What lines in the entries hold the string "over"? List them.
BEGIN
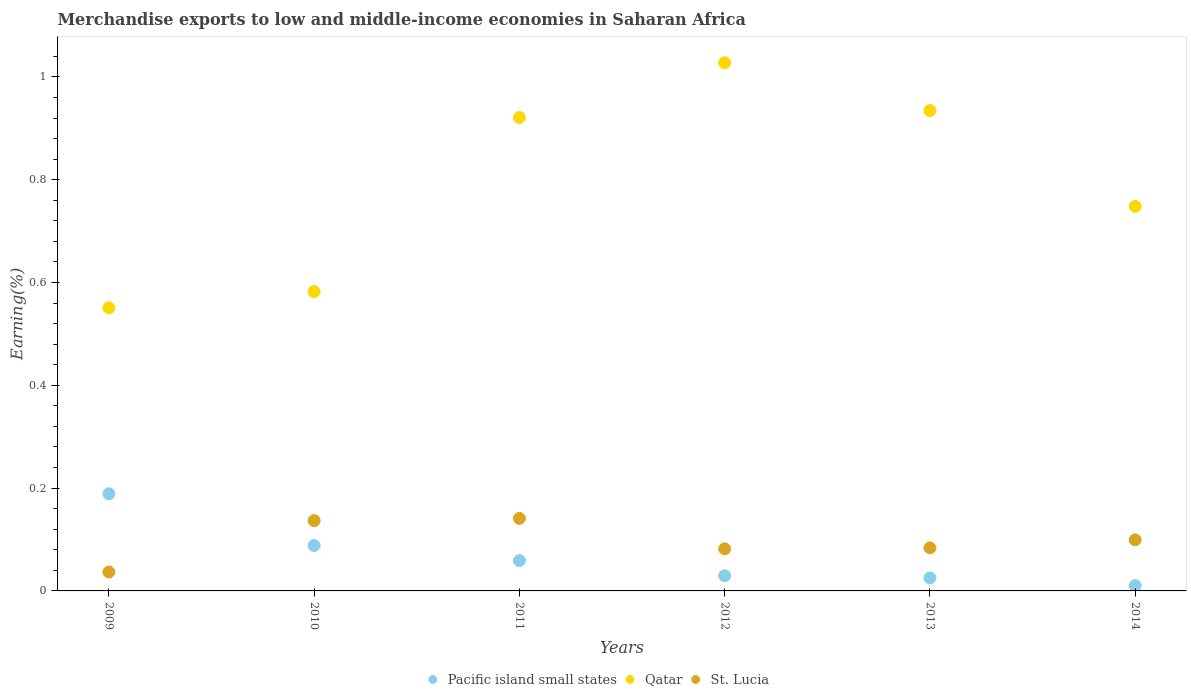What is the percentage of amount earned from merchandise exports in Qatar in 2014?
Make the answer very short. 0.75. Across all years, what is the maximum percentage of amount earned from merchandise exports in Qatar?
Give a very brief answer. 1.03. Across all years, what is the minimum percentage of amount earned from merchandise exports in Qatar?
Give a very brief answer. 0.55. What is the total percentage of amount earned from merchandise exports in St. Lucia in the graph?
Ensure brevity in your answer.  0.58. What is the difference between the percentage of amount earned from merchandise exports in St. Lucia in 2009 and that in 2014?
Provide a short and direct response. -0.06. What is the difference between the percentage of amount earned from merchandise exports in Qatar in 2012 and the percentage of amount earned from merchandise exports in St. Lucia in 2010?
Your answer should be compact. 0.89. What is the average percentage of amount earned from merchandise exports in Pacific island small states per year?
Ensure brevity in your answer.  0.07. In the year 2012, what is the difference between the percentage of amount earned from merchandise exports in Pacific island small states and percentage of amount earned from merchandise exports in St. Lucia?
Your response must be concise. -0.05. What is the ratio of the percentage of amount earned from merchandise exports in St. Lucia in 2009 to that in 2014?
Your response must be concise. 0.37. Is the percentage of amount earned from merchandise exports in Qatar in 2012 less than that in 2013?
Offer a very short reply. No. What is the difference between the highest and the second highest percentage of amount earned from merchandise exports in Qatar?
Offer a very short reply. 0.09. What is the difference between the highest and the lowest percentage of amount earned from merchandise exports in St. Lucia?
Ensure brevity in your answer.  0.1. In how many years, is the percentage of amount earned from merchandise exports in Pacific island small states greater than the average percentage of amount earned from merchandise exports in Pacific island small states taken over all years?
Ensure brevity in your answer.  2. Is the sum of the percentage of amount earned from merchandise exports in St. Lucia in 2010 and 2013 greater than the maximum percentage of amount earned from merchandise exports in Qatar across all years?
Make the answer very short. No. Is the percentage of amount earned from merchandise exports in St. Lucia strictly greater than the percentage of amount earned from merchandise exports in Pacific island small states over the years?
Provide a succinct answer. No. How many dotlines are there?
Provide a short and direct response. 3. What is the difference between two consecutive major ticks on the Y-axis?
Your answer should be compact. 0.2. Are the values on the major ticks of Y-axis written in scientific E-notation?
Ensure brevity in your answer.  No. Does the graph contain grids?
Your answer should be compact. No. Where does the legend appear in the graph?
Your answer should be compact. Bottom center. How many legend labels are there?
Offer a very short reply. 3. How are the legend labels stacked?
Provide a short and direct response. Horizontal. What is the title of the graph?
Provide a short and direct response. Merchandise exports to low and middle-income economies in Saharan Africa. What is the label or title of the Y-axis?
Provide a short and direct response. Earning(%). What is the Earning(%) in Pacific island small states in 2009?
Your response must be concise. 0.19. What is the Earning(%) of Qatar in 2009?
Offer a terse response. 0.55. What is the Earning(%) in St. Lucia in 2009?
Provide a short and direct response. 0.04. What is the Earning(%) in Pacific island small states in 2010?
Make the answer very short. 0.09. What is the Earning(%) of Qatar in 2010?
Keep it short and to the point. 0.58. What is the Earning(%) of St. Lucia in 2010?
Make the answer very short. 0.14. What is the Earning(%) of Pacific island small states in 2011?
Your answer should be very brief. 0.06. What is the Earning(%) of Qatar in 2011?
Give a very brief answer. 0.92. What is the Earning(%) of St. Lucia in 2011?
Ensure brevity in your answer.  0.14. What is the Earning(%) of Pacific island small states in 2012?
Give a very brief answer. 0.03. What is the Earning(%) of Qatar in 2012?
Provide a short and direct response. 1.03. What is the Earning(%) of St. Lucia in 2012?
Your answer should be compact. 0.08. What is the Earning(%) in Pacific island small states in 2013?
Make the answer very short. 0.03. What is the Earning(%) of Qatar in 2013?
Offer a very short reply. 0.93. What is the Earning(%) of St. Lucia in 2013?
Provide a succinct answer. 0.08. What is the Earning(%) in Pacific island small states in 2014?
Give a very brief answer. 0.01. What is the Earning(%) in Qatar in 2014?
Provide a short and direct response. 0.75. What is the Earning(%) in St. Lucia in 2014?
Provide a short and direct response. 0.1. Across all years, what is the maximum Earning(%) of Pacific island small states?
Keep it short and to the point. 0.19. Across all years, what is the maximum Earning(%) of Qatar?
Your response must be concise. 1.03. Across all years, what is the maximum Earning(%) in St. Lucia?
Make the answer very short. 0.14. Across all years, what is the minimum Earning(%) of Pacific island small states?
Your answer should be very brief. 0.01. Across all years, what is the minimum Earning(%) in Qatar?
Give a very brief answer. 0.55. Across all years, what is the minimum Earning(%) in St. Lucia?
Make the answer very short. 0.04. What is the total Earning(%) of Pacific island small states in the graph?
Give a very brief answer. 0.4. What is the total Earning(%) of Qatar in the graph?
Your answer should be compact. 4.76. What is the total Earning(%) in St. Lucia in the graph?
Your answer should be very brief. 0.58. What is the difference between the Earning(%) in Pacific island small states in 2009 and that in 2010?
Offer a very short reply. 0.1. What is the difference between the Earning(%) of Qatar in 2009 and that in 2010?
Ensure brevity in your answer.  -0.03. What is the difference between the Earning(%) in St. Lucia in 2009 and that in 2010?
Make the answer very short. -0.1. What is the difference between the Earning(%) of Pacific island small states in 2009 and that in 2011?
Keep it short and to the point. 0.13. What is the difference between the Earning(%) in Qatar in 2009 and that in 2011?
Provide a short and direct response. -0.37. What is the difference between the Earning(%) of St. Lucia in 2009 and that in 2011?
Your answer should be very brief. -0.1. What is the difference between the Earning(%) in Pacific island small states in 2009 and that in 2012?
Your answer should be very brief. 0.16. What is the difference between the Earning(%) in Qatar in 2009 and that in 2012?
Offer a very short reply. -0.48. What is the difference between the Earning(%) in St. Lucia in 2009 and that in 2012?
Offer a very short reply. -0.05. What is the difference between the Earning(%) in Pacific island small states in 2009 and that in 2013?
Your answer should be very brief. 0.16. What is the difference between the Earning(%) in Qatar in 2009 and that in 2013?
Keep it short and to the point. -0.38. What is the difference between the Earning(%) in St. Lucia in 2009 and that in 2013?
Your response must be concise. -0.05. What is the difference between the Earning(%) in Pacific island small states in 2009 and that in 2014?
Make the answer very short. 0.18. What is the difference between the Earning(%) of Qatar in 2009 and that in 2014?
Provide a succinct answer. -0.2. What is the difference between the Earning(%) of St. Lucia in 2009 and that in 2014?
Offer a very short reply. -0.06. What is the difference between the Earning(%) of Pacific island small states in 2010 and that in 2011?
Your answer should be very brief. 0.03. What is the difference between the Earning(%) of Qatar in 2010 and that in 2011?
Your answer should be compact. -0.34. What is the difference between the Earning(%) of St. Lucia in 2010 and that in 2011?
Offer a very short reply. -0. What is the difference between the Earning(%) of Pacific island small states in 2010 and that in 2012?
Offer a very short reply. 0.06. What is the difference between the Earning(%) in Qatar in 2010 and that in 2012?
Make the answer very short. -0.45. What is the difference between the Earning(%) of St. Lucia in 2010 and that in 2012?
Offer a terse response. 0.05. What is the difference between the Earning(%) of Pacific island small states in 2010 and that in 2013?
Provide a succinct answer. 0.06. What is the difference between the Earning(%) of Qatar in 2010 and that in 2013?
Ensure brevity in your answer.  -0.35. What is the difference between the Earning(%) in St. Lucia in 2010 and that in 2013?
Provide a succinct answer. 0.05. What is the difference between the Earning(%) of Pacific island small states in 2010 and that in 2014?
Offer a terse response. 0.08. What is the difference between the Earning(%) of Qatar in 2010 and that in 2014?
Your response must be concise. -0.17. What is the difference between the Earning(%) in St. Lucia in 2010 and that in 2014?
Provide a succinct answer. 0.04. What is the difference between the Earning(%) of Pacific island small states in 2011 and that in 2012?
Provide a short and direct response. 0.03. What is the difference between the Earning(%) in Qatar in 2011 and that in 2012?
Keep it short and to the point. -0.11. What is the difference between the Earning(%) of St. Lucia in 2011 and that in 2012?
Keep it short and to the point. 0.06. What is the difference between the Earning(%) of Pacific island small states in 2011 and that in 2013?
Keep it short and to the point. 0.03. What is the difference between the Earning(%) in Qatar in 2011 and that in 2013?
Provide a succinct answer. -0.01. What is the difference between the Earning(%) of St. Lucia in 2011 and that in 2013?
Give a very brief answer. 0.06. What is the difference between the Earning(%) in Pacific island small states in 2011 and that in 2014?
Offer a very short reply. 0.05. What is the difference between the Earning(%) in Qatar in 2011 and that in 2014?
Your answer should be very brief. 0.17. What is the difference between the Earning(%) in St. Lucia in 2011 and that in 2014?
Offer a terse response. 0.04. What is the difference between the Earning(%) in Pacific island small states in 2012 and that in 2013?
Your answer should be compact. 0. What is the difference between the Earning(%) of Qatar in 2012 and that in 2013?
Your response must be concise. 0.09. What is the difference between the Earning(%) in St. Lucia in 2012 and that in 2013?
Offer a terse response. -0. What is the difference between the Earning(%) in Pacific island small states in 2012 and that in 2014?
Your response must be concise. 0.02. What is the difference between the Earning(%) of Qatar in 2012 and that in 2014?
Keep it short and to the point. 0.28. What is the difference between the Earning(%) of St. Lucia in 2012 and that in 2014?
Provide a succinct answer. -0.02. What is the difference between the Earning(%) of Pacific island small states in 2013 and that in 2014?
Keep it short and to the point. 0.02. What is the difference between the Earning(%) of Qatar in 2013 and that in 2014?
Provide a succinct answer. 0.19. What is the difference between the Earning(%) in St. Lucia in 2013 and that in 2014?
Provide a succinct answer. -0.02. What is the difference between the Earning(%) of Pacific island small states in 2009 and the Earning(%) of Qatar in 2010?
Provide a succinct answer. -0.39. What is the difference between the Earning(%) in Pacific island small states in 2009 and the Earning(%) in St. Lucia in 2010?
Give a very brief answer. 0.05. What is the difference between the Earning(%) of Qatar in 2009 and the Earning(%) of St. Lucia in 2010?
Your answer should be very brief. 0.41. What is the difference between the Earning(%) in Pacific island small states in 2009 and the Earning(%) in Qatar in 2011?
Provide a succinct answer. -0.73. What is the difference between the Earning(%) in Pacific island small states in 2009 and the Earning(%) in St. Lucia in 2011?
Ensure brevity in your answer.  0.05. What is the difference between the Earning(%) in Qatar in 2009 and the Earning(%) in St. Lucia in 2011?
Offer a very short reply. 0.41. What is the difference between the Earning(%) in Pacific island small states in 2009 and the Earning(%) in Qatar in 2012?
Keep it short and to the point. -0.84. What is the difference between the Earning(%) in Pacific island small states in 2009 and the Earning(%) in St. Lucia in 2012?
Keep it short and to the point. 0.11. What is the difference between the Earning(%) in Qatar in 2009 and the Earning(%) in St. Lucia in 2012?
Provide a succinct answer. 0.47. What is the difference between the Earning(%) in Pacific island small states in 2009 and the Earning(%) in Qatar in 2013?
Offer a very short reply. -0.75. What is the difference between the Earning(%) in Pacific island small states in 2009 and the Earning(%) in St. Lucia in 2013?
Your answer should be very brief. 0.11. What is the difference between the Earning(%) in Qatar in 2009 and the Earning(%) in St. Lucia in 2013?
Give a very brief answer. 0.47. What is the difference between the Earning(%) of Pacific island small states in 2009 and the Earning(%) of Qatar in 2014?
Keep it short and to the point. -0.56. What is the difference between the Earning(%) of Pacific island small states in 2009 and the Earning(%) of St. Lucia in 2014?
Your answer should be very brief. 0.09. What is the difference between the Earning(%) of Qatar in 2009 and the Earning(%) of St. Lucia in 2014?
Offer a terse response. 0.45. What is the difference between the Earning(%) of Pacific island small states in 2010 and the Earning(%) of Qatar in 2011?
Keep it short and to the point. -0.83. What is the difference between the Earning(%) of Pacific island small states in 2010 and the Earning(%) of St. Lucia in 2011?
Ensure brevity in your answer.  -0.05. What is the difference between the Earning(%) in Qatar in 2010 and the Earning(%) in St. Lucia in 2011?
Ensure brevity in your answer.  0.44. What is the difference between the Earning(%) in Pacific island small states in 2010 and the Earning(%) in Qatar in 2012?
Make the answer very short. -0.94. What is the difference between the Earning(%) in Pacific island small states in 2010 and the Earning(%) in St. Lucia in 2012?
Provide a short and direct response. 0.01. What is the difference between the Earning(%) in Qatar in 2010 and the Earning(%) in St. Lucia in 2012?
Provide a succinct answer. 0.5. What is the difference between the Earning(%) of Pacific island small states in 2010 and the Earning(%) of Qatar in 2013?
Make the answer very short. -0.85. What is the difference between the Earning(%) in Pacific island small states in 2010 and the Earning(%) in St. Lucia in 2013?
Keep it short and to the point. 0. What is the difference between the Earning(%) of Qatar in 2010 and the Earning(%) of St. Lucia in 2013?
Offer a very short reply. 0.5. What is the difference between the Earning(%) of Pacific island small states in 2010 and the Earning(%) of Qatar in 2014?
Keep it short and to the point. -0.66. What is the difference between the Earning(%) in Pacific island small states in 2010 and the Earning(%) in St. Lucia in 2014?
Offer a very short reply. -0.01. What is the difference between the Earning(%) of Qatar in 2010 and the Earning(%) of St. Lucia in 2014?
Offer a very short reply. 0.48. What is the difference between the Earning(%) of Pacific island small states in 2011 and the Earning(%) of Qatar in 2012?
Your answer should be compact. -0.97. What is the difference between the Earning(%) of Pacific island small states in 2011 and the Earning(%) of St. Lucia in 2012?
Your answer should be very brief. -0.02. What is the difference between the Earning(%) in Qatar in 2011 and the Earning(%) in St. Lucia in 2012?
Provide a succinct answer. 0.84. What is the difference between the Earning(%) of Pacific island small states in 2011 and the Earning(%) of Qatar in 2013?
Make the answer very short. -0.88. What is the difference between the Earning(%) of Pacific island small states in 2011 and the Earning(%) of St. Lucia in 2013?
Make the answer very short. -0.02. What is the difference between the Earning(%) in Qatar in 2011 and the Earning(%) in St. Lucia in 2013?
Offer a very short reply. 0.84. What is the difference between the Earning(%) of Pacific island small states in 2011 and the Earning(%) of Qatar in 2014?
Offer a very short reply. -0.69. What is the difference between the Earning(%) in Pacific island small states in 2011 and the Earning(%) in St. Lucia in 2014?
Provide a short and direct response. -0.04. What is the difference between the Earning(%) of Qatar in 2011 and the Earning(%) of St. Lucia in 2014?
Provide a succinct answer. 0.82. What is the difference between the Earning(%) of Pacific island small states in 2012 and the Earning(%) of Qatar in 2013?
Ensure brevity in your answer.  -0.91. What is the difference between the Earning(%) of Pacific island small states in 2012 and the Earning(%) of St. Lucia in 2013?
Offer a terse response. -0.05. What is the difference between the Earning(%) of Qatar in 2012 and the Earning(%) of St. Lucia in 2013?
Offer a very short reply. 0.94. What is the difference between the Earning(%) of Pacific island small states in 2012 and the Earning(%) of Qatar in 2014?
Offer a terse response. -0.72. What is the difference between the Earning(%) of Pacific island small states in 2012 and the Earning(%) of St. Lucia in 2014?
Make the answer very short. -0.07. What is the difference between the Earning(%) of Qatar in 2012 and the Earning(%) of St. Lucia in 2014?
Your answer should be compact. 0.93. What is the difference between the Earning(%) of Pacific island small states in 2013 and the Earning(%) of Qatar in 2014?
Make the answer very short. -0.72. What is the difference between the Earning(%) in Pacific island small states in 2013 and the Earning(%) in St. Lucia in 2014?
Offer a very short reply. -0.07. What is the difference between the Earning(%) of Qatar in 2013 and the Earning(%) of St. Lucia in 2014?
Give a very brief answer. 0.84. What is the average Earning(%) in Pacific island small states per year?
Offer a terse response. 0.07. What is the average Earning(%) in Qatar per year?
Give a very brief answer. 0.79. What is the average Earning(%) in St. Lucia per year?
Your response must be concise. 0.1. In the year 2009, what is the difference between the Earning(%) of Pacific island small states and Earning(%) of Qatar?
Your answer should be very brief. -0.36. In the year 2009, what is the difference between the Earning(%) in Pacific island small states and Earning(%) in St. Lucia?
Your answer should be compact. 0.15. In the year 2009, what is the difference between the Earning(%) of Qatar and Earning(%) of St. Lucia?
Your answer should be very brief. 0.51. In the year 2010, what is the difference between the Earning(%) of Pacific island small states and Earning(%) of Qatar?
Offer a terse response. -0.49. In the year 2010, what is the difference between the Earning(%) in Pacific island small states and Earning(%) in St. Lucia?
Provide a succinct answer. -0.05. In the year 2010, what is the difference between the Earning(%) in Qatar and Earning(%) in St. Lucia?
Your answer should be very brief. 0.45. In the year 2011, what is the difference between the Earning(%) in Pacific island small states and Earning(%) in Qatar?
Your answer should be compact. -0.86. In the year 2011, what is the difference between the Earning(%) in Pacific island small states and Earning(%) in St. Lucia?
Your response must be concise. -0.08. In the year 2011, what is the difference between the Earning(%) in Qatar and Earning(%) in St. Lucia?
Offer a very short reply. 0.78. In the year 2012, what is the difference between the Earning(%) in Pacific island small states and Earning(%) in Qatar?
Offer a very short reply. -1. In the year 2012, what is the difference between the Earning(%) in Pacific island small states and Earning(%) in St. Lucia?
Make the answer very short. -0.05. In the year 2012, what is the difference between the Earning(%) of Qatar and Earning(%) of St. Lucia?
Your answer should be compact. 0.95. In the year 2013, what is the difference between the Earning(%) of Pacific island small states and Earning(%) of Qatar?
Your answer should be very brief. -0.91. In the year 2013, what is the difference between the Earning(%) in Pacific island small states and Earning(%) in St. Lucia?
Make the answer very short. -0.06. In the year 2013, what is the difference between the Earning(%) in Qatar and Earning(%) in St. Lucia?
Offer a terse response. 0.85. In the year 2014, what is the difference between the Earning(%) in Pacific island small states and Earning(%) in Qatar?
Give a very brief answer. -0.74. In the year 2014, what is the difference between the Earning(%) of Pacific island small states and Earning(%) of St. Lucia?
Make the answer very short. -0.09. In the year 2014, what is the difference between the Earning(%) of Qatar and Earning(%) of St. Lucia?
Offer a terse response. 0.65. What is the ratio of the Earning(%) in Pacific island small states in 2009 to that in 2010?
Your answer should be very brief. 2.14. What is the ratio of the Earning(%) in Qatar in 2009 to that in 2010?
Provide a succinct answer. 0.95. What is the ratio of the Earning(%) of St. Lucia in 2009 to that in 2010?
Make the answer very short. 0.27. What is the ratio of the Earning(%) in Pacific island small states in 2009 to that in 2011?
Give a very brief answer. 3.2. What is the ratio of the Earning(%) of Qatar in 2009 to that in 2011?
Offer a very short reply. 0.6. What is the ratio of the Earning(%) of St. Lucia in 2009 to that in 2011?
Make the answer very short. 0.26. What is the ratio of the Earning(%) in Pacific island small states in 2009 to that in 2012?
Provide a succinct answer. 6.4. What is the ratio of the Earning(%) in Qatar in 2009 to that in 2012?
Your response must be concise. 0.54. What is the ratio of the Earning(%) in St. Lucia in 2009 to that in 2012?
Offer a very short reply. 0.45. What is the ratio of the Earning(%) in Pacific island small states in 2009 to that in 2013?
Ensure brevity in your answer.  7.46. What is the ratio of the Earning(%) in Qatar in 2009 to that in 2013?
Your response must be concise. 0.59. What is the ratio of the Earning(%) in St. Lucia in 2009 to that in 2013?
Your answer should be very brief. 0.44. What is the ratio of the Earning(%) of Pacific island small states in 2009 to that in 2014?
Give a very brief answer. 18.44. What is the ratio of the Earning(%) in Qatar in 2009 to that in 2014?
Your answer should be compact. 0.74. What is the ratio of the Earning(%) of St. Lucia in 2009 to that in 2014?
Provide a short and direct response. 0.37. What is the ratio of the Earning(%) of Pacific island small states in 2010 to that in 2011?
Provide a succinct answer. 1.5. What is the ratio of the Earning(%) in Qatar in 2010 to that in 2011?
Provide a succinct answer. 0.63. What is the ratio of the Earning(%) of St. Lucia in 2010 to that in 2011?
Ensure brevity in your answer.  0.97. What is the ratio of the Earning(%) in Pacific island small states in 2010 to that in 2012?
Provide a short and direct response. 2.99. What is the ratio of the Earning(%) in Qatar in 2010 to that in 2012?
Your answer should be compact. 0.57. What is the ratio of the Earning(%) in St. Lucia in 2010 to that in 2012?
Offer a very short reply. 1.67. What is the ratio of the Earning(%) in Pacific island small states in 2010 to that in 2013?
Provide a short and direct response. 3.49. What is the ratio of the Earning(%) in Qatar in 2010 to that in 2013?
Give a very brief answer. 0.62. What is the ratio of the Earning(%) in St. Lucia in 2010 to that in 2013?
Provide a succinct answer. 1.63. What is the ratio of the Earning(%) in Pacific island small states in 2010 to that in 2014?
Ensure brevity in your answer.  8.62. What is the ratio of the Earning(%) in Qatar in 2010 to that in 2014?
Provide a succinct answer. 0.78. What is the ratio of the Earning(%) in St. Lucia in 2010 to that in 2014?
Offer a very short reply. 1.38. What is the ratio of the Earning(%) of Pacific island small states in 2011 to that in 2012?
Make the answer very short. 2. What is the ratio of the Earning(%) in Qatar in 2011 to that in 2012?
Your response must be concise. 0.9. What is the ratio of the Earning(%) of St. Lucia in 2011 to that in 2012?
Offer a terse response. 1.72. What is the ratio of the Earning(%) in Pacific island small states in 2011 to that in 2013?
Your answer should be compact. 2.33. What is the ratio of the Earning(%) in Qatar in 2011 to that in 2013?
Keep it short and to the point. 0.99. What is the ratio of the Earning(%) in St. Lucia in 2011 to that in 2013?
Your response must be concise. 1.69. What is the ratio of the Earning(%) of Pacific island small states in 2011 to that in 2014?
Provide a short and direct response. 5.76. What is the ratio of the Earning(%) in Qatar in 2011 to that in 2014?
Provide a short and direct response. 1.23. What is the ratio of the Earning(%) of St. Lucia in 2011 to that in 2014?
Your response must be concise. 1.42. What is the ratio of the Earning(%) of Pacific island small states in 2012 to that in 2013?
Keep it short and to the point. 1.16. What is the ratio of the Earning(%) in Qatar in 2012 to that in 2013?
Provide a short and direct response. 1.1. What is the ratio of the Earning(%) of St. Lucia in 2012 to that in 2013?
Offer a very short reply. 0.98. What is the ratio of the Earning(%) of Pacific island small states in 2012 to that in 2014?
Your response must be concise. 2.88. What is the ratio of the Earning(%) in Qatar in 2012 to that in 2014?
Keep it short and to the point. 1.37. What is the ratio of the Earning(%) in St. Lucia in 2012 to that in 2014?
Your response must be concise. 0.82. What is the ratio of the Earning(%) in Pacific island small states in 2013 to that in 2014?
Keep it short and to the point. 2.47. What is the ratio of the Earning(%) of Qatar in 2013 to that in 2014?
Your answer should be very brief. 1.25. What is the ratio of the Earning(%) in St. Lucia in 2013 to that in 2014?
Give a very brief answer. 0.84. What is the difference between the highest and the second highest Earning(%) of Pacific island small states?
Your answer should be compact. 0.1. What is the difference between the highest and the second highest Earning(%) of Qatar?
Ensure brevity in your answer.  0.09. What is the difference between the highest and the second highest Earning(%) in St. Lucia?
Provide a succinct answer. 0. What is the difference between the highest and the lowest Earning(%) in Pacific island small states?
Provide a succinct answer. 0.18. What is the difference between the highest and the lowest Earning(%) in Qatar?
Make the answer very short. 0.48. What is the difference between the highest and the lowest Earning(%) of St. Lucia?
Give a very brief answer. 0.1.
END
### ANSWER FOR THIS EXERCISE
Ensure brevity in your answer.  0.1. In how many years, is the percentage of amount earned from merchandise exports in Pacific island small states greater than the average percentage of amount earned from merchandise exports in Pacific island small states taken over all years?
Make the answer very short. No. Is the percentage of amount earned from merchandise exports in St. Lucia strictly greater than the percentage of amount earned from merchandise exports in Pacific island small states over the years?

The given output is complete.